Diese InvalidOperationException bedeutet, dass PublishTrimmed oder PublishAot JsonSerializerIsReflectionEnabledByDefault auf false gesetzt hat. Die Lösung ist ein generierter JsonSerializerContext.

In Ihrem Projekt steht PublishTrimmed oder PublishAot auf true, und das .NET SDK hat daraufhin JsonSerializerIsReflectionEnabledByDefault auf false gesetzt.
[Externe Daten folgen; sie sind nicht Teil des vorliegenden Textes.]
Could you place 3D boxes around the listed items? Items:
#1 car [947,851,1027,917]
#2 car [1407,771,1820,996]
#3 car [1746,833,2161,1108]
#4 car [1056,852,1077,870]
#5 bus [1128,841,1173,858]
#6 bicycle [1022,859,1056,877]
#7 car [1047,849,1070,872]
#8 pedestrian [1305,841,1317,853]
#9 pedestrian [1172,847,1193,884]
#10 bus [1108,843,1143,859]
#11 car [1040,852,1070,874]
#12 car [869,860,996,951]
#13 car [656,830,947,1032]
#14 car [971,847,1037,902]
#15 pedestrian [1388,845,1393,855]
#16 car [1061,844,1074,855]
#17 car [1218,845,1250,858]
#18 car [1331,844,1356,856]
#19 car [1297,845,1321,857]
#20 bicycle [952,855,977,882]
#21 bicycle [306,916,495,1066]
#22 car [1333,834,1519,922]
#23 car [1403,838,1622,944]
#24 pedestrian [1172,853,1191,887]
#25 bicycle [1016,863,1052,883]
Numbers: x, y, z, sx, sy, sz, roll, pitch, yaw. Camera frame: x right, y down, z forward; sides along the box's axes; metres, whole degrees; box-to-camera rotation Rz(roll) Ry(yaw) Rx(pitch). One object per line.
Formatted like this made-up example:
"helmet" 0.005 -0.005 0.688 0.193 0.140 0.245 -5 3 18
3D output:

Damit ist der reflexionsbasierte Contract-Resolver abgeschaltet, auf den sich JsonSerializer.Serialize(obj) stillschweigend verlässt. Die Lösung besteht darin, dem Serializer eine Contract-Quelle zu geben: Fügen Sie eine partial class hinzu, die von JsonSerializerContext ableitet, versehen Sie sie mit [JsonSerializable(typeof(YourType))] und übergeben Sie MyContext.Default.YourType (oder setzen Sie options.TypeInfoResolver = MyContext.Default) an jeder Aufrufstelle.
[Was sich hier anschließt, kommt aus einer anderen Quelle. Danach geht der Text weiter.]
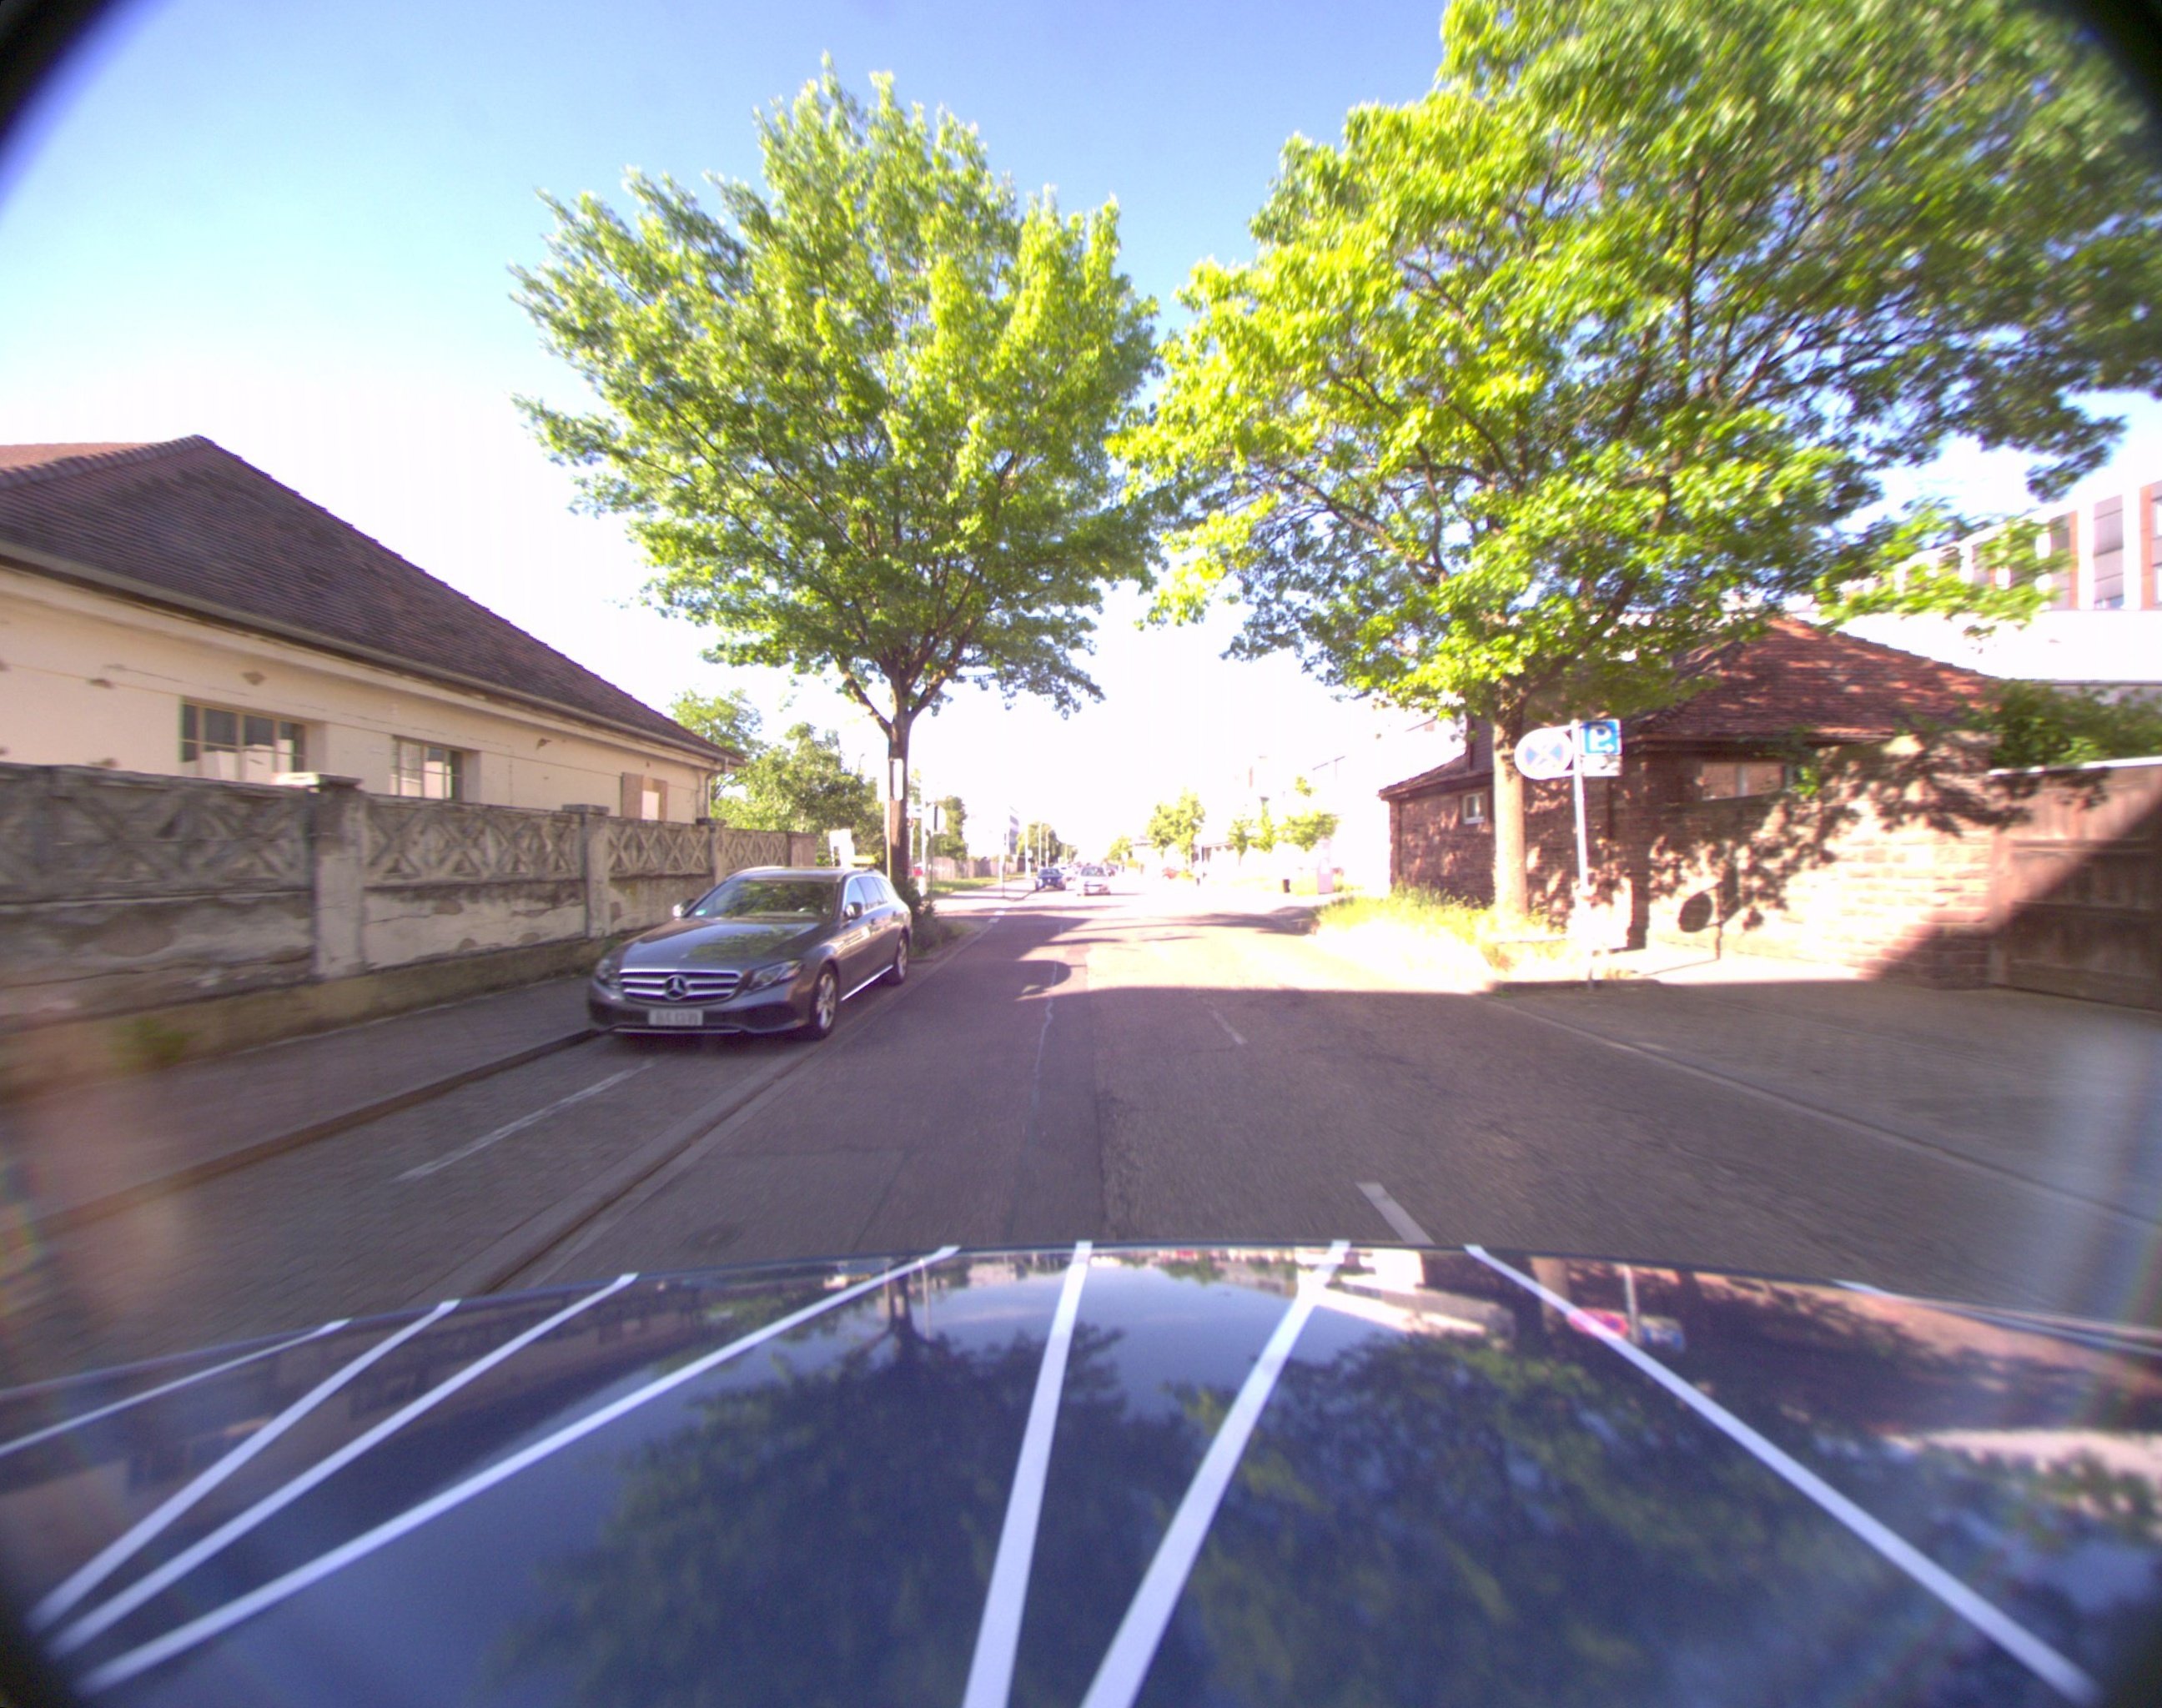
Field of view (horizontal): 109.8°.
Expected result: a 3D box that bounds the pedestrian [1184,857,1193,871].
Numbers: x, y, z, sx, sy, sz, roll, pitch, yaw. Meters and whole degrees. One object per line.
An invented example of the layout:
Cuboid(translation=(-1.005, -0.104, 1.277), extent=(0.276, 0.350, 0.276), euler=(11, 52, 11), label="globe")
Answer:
Cuboid(translation=(11.911, 1.110, 84.297), extent=(0.774, 1.540, 0.780), euler=(-2, 1, 0), label="pedestrian")

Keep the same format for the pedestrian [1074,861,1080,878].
Cuboid(translation=(-0.403, 1.576, 76.306), extent=(0.521, 1.698, 0.523), euler=(-2, 1, 5), label="pedestrian")

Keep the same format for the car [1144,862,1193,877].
Cuboid(translation=(8.314, 1.466, 72.493), extent=(4.522, 1.359, 1.700), euler=(-2, 0, 3), label="car")

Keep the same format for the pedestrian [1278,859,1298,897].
Cuboid(translation=(8.714, 1.006, 32.003), extent=(0.522, 1.553, 1.096), euler=(-1, 0, -1), label="pedestrian")

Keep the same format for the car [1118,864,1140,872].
Cuboid(translation=(9.568, 2.790, 151.356), extent=(4.142, 1.458, 1.753), euler=(-1, 0, -1), label="car")

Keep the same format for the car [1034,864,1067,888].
Cuboid(translation=(-1.842, 1.335, 47.457), extent=(1.822, 1.444, 4.214), euler=(0, -1, 1), label="car")

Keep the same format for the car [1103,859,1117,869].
Cuboid(translation=(4.226, 1.436, 110.983), extent=(1.766, 1.433, 4.537), euler=(-1, 0, -2), label="car")

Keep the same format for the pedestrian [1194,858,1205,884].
Cuboid(translation=(6.983, 1.021, 44.902), extent=(0.539, 1.515, 0.607), euler=(-1, 0, 1), label="pedestrian")

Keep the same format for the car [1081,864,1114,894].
Cuboid(translation=(0.856, 1.212, 37.987), extent=(1.551, 1.389, 3.455), euler=(0, 0, 3), label="car")

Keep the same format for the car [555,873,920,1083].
Cuboid(translation=(-3.094, 0.990, 8.114), extent=(1.707, 1.460, 4.789), euler=(-1, 0, 0), label="car")

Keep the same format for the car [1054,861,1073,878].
Cuboid(translation=(-1.760, 1.561, 75.861), extent=(1.818, 1.579, 4.262), euler=(-2, -1, -2), label="car")

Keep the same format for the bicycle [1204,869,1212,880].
Cuboid(translation=(13.513, 2.155, 80.731), extent=(0.536, 1.105, 1.861), euler=(0, 0, 0), label="bicycle")

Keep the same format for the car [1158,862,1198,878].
Cuboid(translation=(9.044, 1.488, 70.798), extent=(3.642, 1.460, 1.615), euler=(-2, -1, 7), label="car")

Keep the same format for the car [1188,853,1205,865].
Cuboid(translation=(17.785, 0.805, 117.438), extent=(1.924, 1.879, 4.711), euler=(0, -1, 0), label="car")

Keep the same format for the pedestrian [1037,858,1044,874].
Cuboid(translation=(-4.208, 1.281, 79.113), extent=(0.540, 1.602, 0.683), euler=(-2, 1, 1), label="pedestrian")

System.InvalidOperationException: Reflection-based serialization has been disabled for this application. Either use the source generator APIs or explicitly configure the 'JsonSerializerOptions.TypeInfoResolver' property.
   at System.Text.Json.ThrowHelper.ThrowInvalidOperationException_JsonSerializerIsReflectionDisabled()
   at System.Text.Json.JsonSerializerOptions.ConfigureForJsonSerializer()
   at System.Text.Json.JsonSerializerOptions.GetTypeInfoForRootType(Type type, Boolean fallBackToNearestAncestorType)
   at System.Text.Json.JsonSerializer.Serialize[TValue](TValue value, JsonSerializerOptions options)
   at MyApp.Program.Main(String[] args)

Der exakte Text stammt aus der Ressource JsonSerializerIsReflectionDisabled in System.Text.Json und ist seit .NET 8 unverändert formuliert. Alles Folgende zielt auf das .NET 11 SDK (11.0.100) und C# 14, das Verhalten ist auf net8.0 und neuer aber identisch, denn dort wurde der Schalter eingeführt.
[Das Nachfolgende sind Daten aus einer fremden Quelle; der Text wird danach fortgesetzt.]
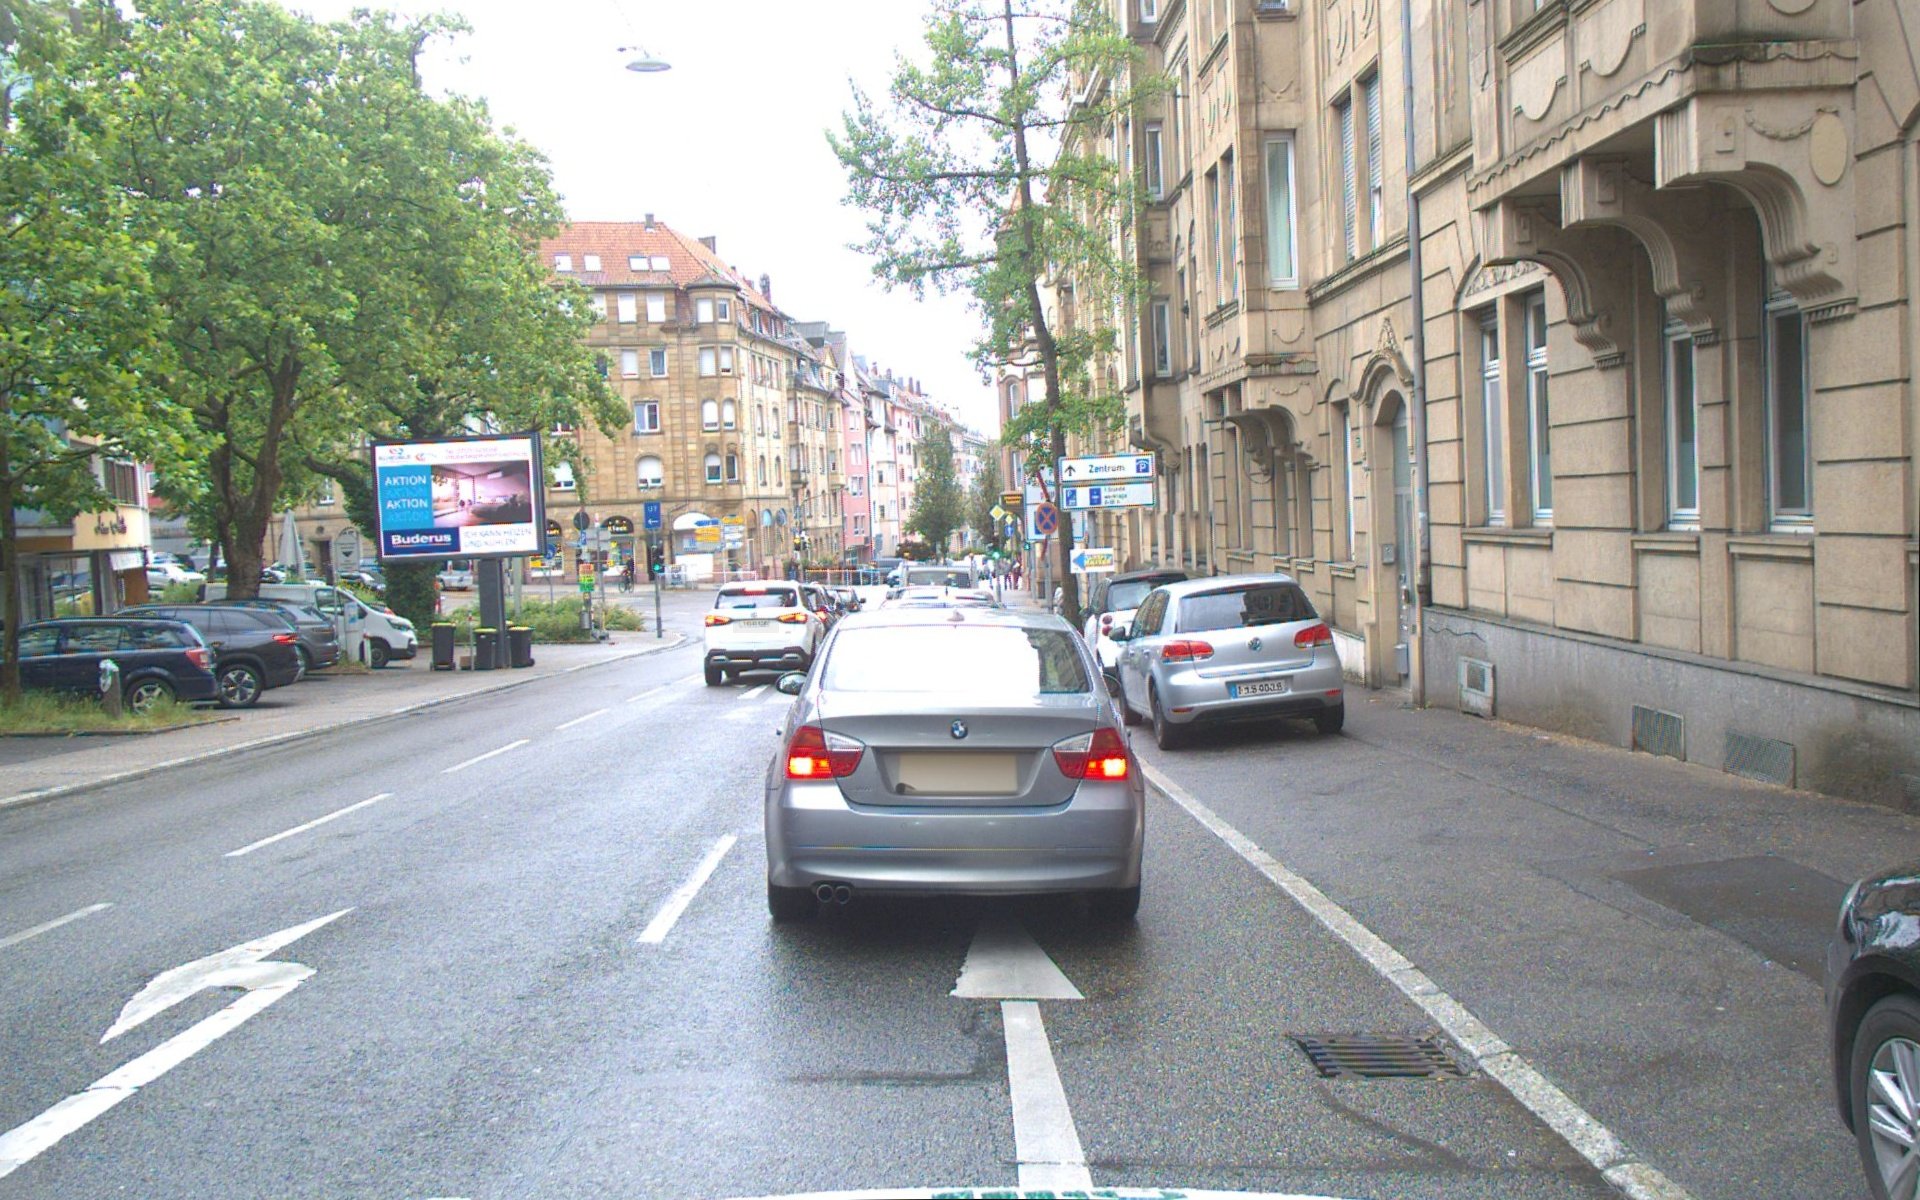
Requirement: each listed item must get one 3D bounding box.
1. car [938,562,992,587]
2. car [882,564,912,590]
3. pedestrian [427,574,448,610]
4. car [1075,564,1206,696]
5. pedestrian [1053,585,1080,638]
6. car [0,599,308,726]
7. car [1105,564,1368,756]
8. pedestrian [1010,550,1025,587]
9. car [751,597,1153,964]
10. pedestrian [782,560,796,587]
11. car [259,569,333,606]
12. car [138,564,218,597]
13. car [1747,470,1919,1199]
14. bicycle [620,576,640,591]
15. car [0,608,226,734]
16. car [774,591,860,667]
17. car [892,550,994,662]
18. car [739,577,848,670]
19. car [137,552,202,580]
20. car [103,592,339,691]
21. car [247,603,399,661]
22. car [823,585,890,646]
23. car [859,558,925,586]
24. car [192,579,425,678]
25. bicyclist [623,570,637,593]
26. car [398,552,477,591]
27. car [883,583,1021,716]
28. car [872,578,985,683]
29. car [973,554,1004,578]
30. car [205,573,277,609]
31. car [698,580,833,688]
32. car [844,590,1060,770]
[{"bbox_3d":[0.390,-1.748,114.168,1.957,1.606,3.991,1,0,31],"label":"car"},{"bbox_3d":[-3.781,-1.372,99.247,1.680,1.476,3.741,-2,0,-1],"label":"car"},{"bbox_3d":[-24.149,-0.392,76.438,0.525,1.604,0.720,-4,1,10],"label":"pedestrian"},{"bbox_3d":[2.423,0.371,22.727,1.273,1.569,2.975,-6,1,-1],"label":"car"},{"bbox_3d":[3.217,0.331,50.115,0.618,1.534,0.693,-6,0,-2],"label":"pedestrian"},{"bbox_3d":[-12.883,0.952,26.656,4.308,1.701,1.842,-3,1,-24],"label":"car"},{"bbox_3d":[2.572,0.501,16.317,1.725,1.476,3.999,-6,1,-1],"label":"car"},{"bbox_3d":[3.123,-1.691,89.494,0.727,1.943,0.659,-2,0,-2],"label":"pedestrian"},{"bbox_3d":[-0.020,0.717,8.396,1.590,1.407,3.615,-1,1,0],"label":"car"},{"bbox_3d":[-10.442,-1.619,101.089,0.716,1.605,0.528,-1,0,8],"label":"pedestrian"},{"bbox_3d":[-40.985,-0.772,102.021,4.196,2.138,1.998,2,2,28],"label":"car"},{"bbox_3d":[-44.232,-1.113,93.575,4.155,1.756,1.998,0,3,29],"label":"car"},{"bbox_3d":[2.839,0.499,1.946,1.724,1.679,4.098,-6,1,0],"label":"car"},{"bbox_3d":[-18.796,-0.937,94.311,0.561,0.873,1.523,1,0,10],"label":"bicycle"},{"bbox_3d":[-13.023,1.022,23.924,4.299,1.601,1.929,-3,1,-24],"label":"car"},{"bbox_3d":[-3.484,0.664,40.902,1.723,1.737,4.000,-1,1,0],"label":"car"},{"bbox_3d":[-0.364,0.112,33.774,1.953,2.143,3.999,0,0,-1],"label":"car"},{"bbox_3d":[-3.273,0.415,33.144,1.723,1.737,4.000,-1,1,0],"label":"car"},{"bbox_3d":[-51.106,-2.201,106.893,3.909,1.718,1.726,1,0,27],"label":"car"},{"bbox_3d":[-15.108,0.813,34.069,4.295,1.815,1.927,-2,0,-22],"label":"car"},{"bbox_3d":[-17.926,0.868,46.655,3.916,1.476,1.757,-2,0,-22],"label":"car"},{"bbox_3d":[-3.097,0.442,50.072,1.723,1.737,4.000,-1,1,0],"label":"car"},{"bbox_3d":[-5.291,-2.183,129.579,5.072,2.049,2.698,1,0,-1],"label":"car"},{"bbox_3d":[-15.421,0.643,39.334,4.989,2.142,1.979,-2,0,-22],"label":"car"},{"bbox_3d":[-18.799,-1.042,94.303,0.556,1.295,0.690,1,-1,11],"label":"bicyclist"},{"bbox_3d":[-30.403,-1.679,96.232,4.196,2.138,1.998,2,2,28],"label":"car"},{"bbox_3d":[-0.075,0.544,20.850,1.562,1.490,4.000,0,1,0],"label":"car"},{"bbox_3d":[-0.478,0.442,27.454,1.723,1.594,4.000,-1,1,0],"label":"car"},{"bbox_3d":[2.110,-2.463,120.830,1.951,1.606,4.002,1,0,5],"label":"car"},{"bbox_3d":[-45.361,-0.576,104.380,4.196,2.138,1.998,2,2,28],"label":"car"},{"bbox_3d":[-3.170,0.502,27.647,1.830,1.654,3.999,-1,0,-1],"label":"car"},{"bbox_3d":[-0.053,0.634,15.331,1.723,1.407,4.000,-1,1,0],"label":"car"}]

Warum in einem Projekt, das Sie nie konfiguriert haben, Reflexion abgeschaltet ist

System.Text.Json ermittelt die Form eines Typs auf zwei Wegen: zur Laufzeit per Reflexion (DefaultJsonTypeInfoResolver) oder zur Kompilierzeit per Source Generator (JsonSerializerContext). Wenn Sie JsonSerializer.Serialize(obj) ohne Optionen aufrufen, greift der reflexionsbasierte Resolver.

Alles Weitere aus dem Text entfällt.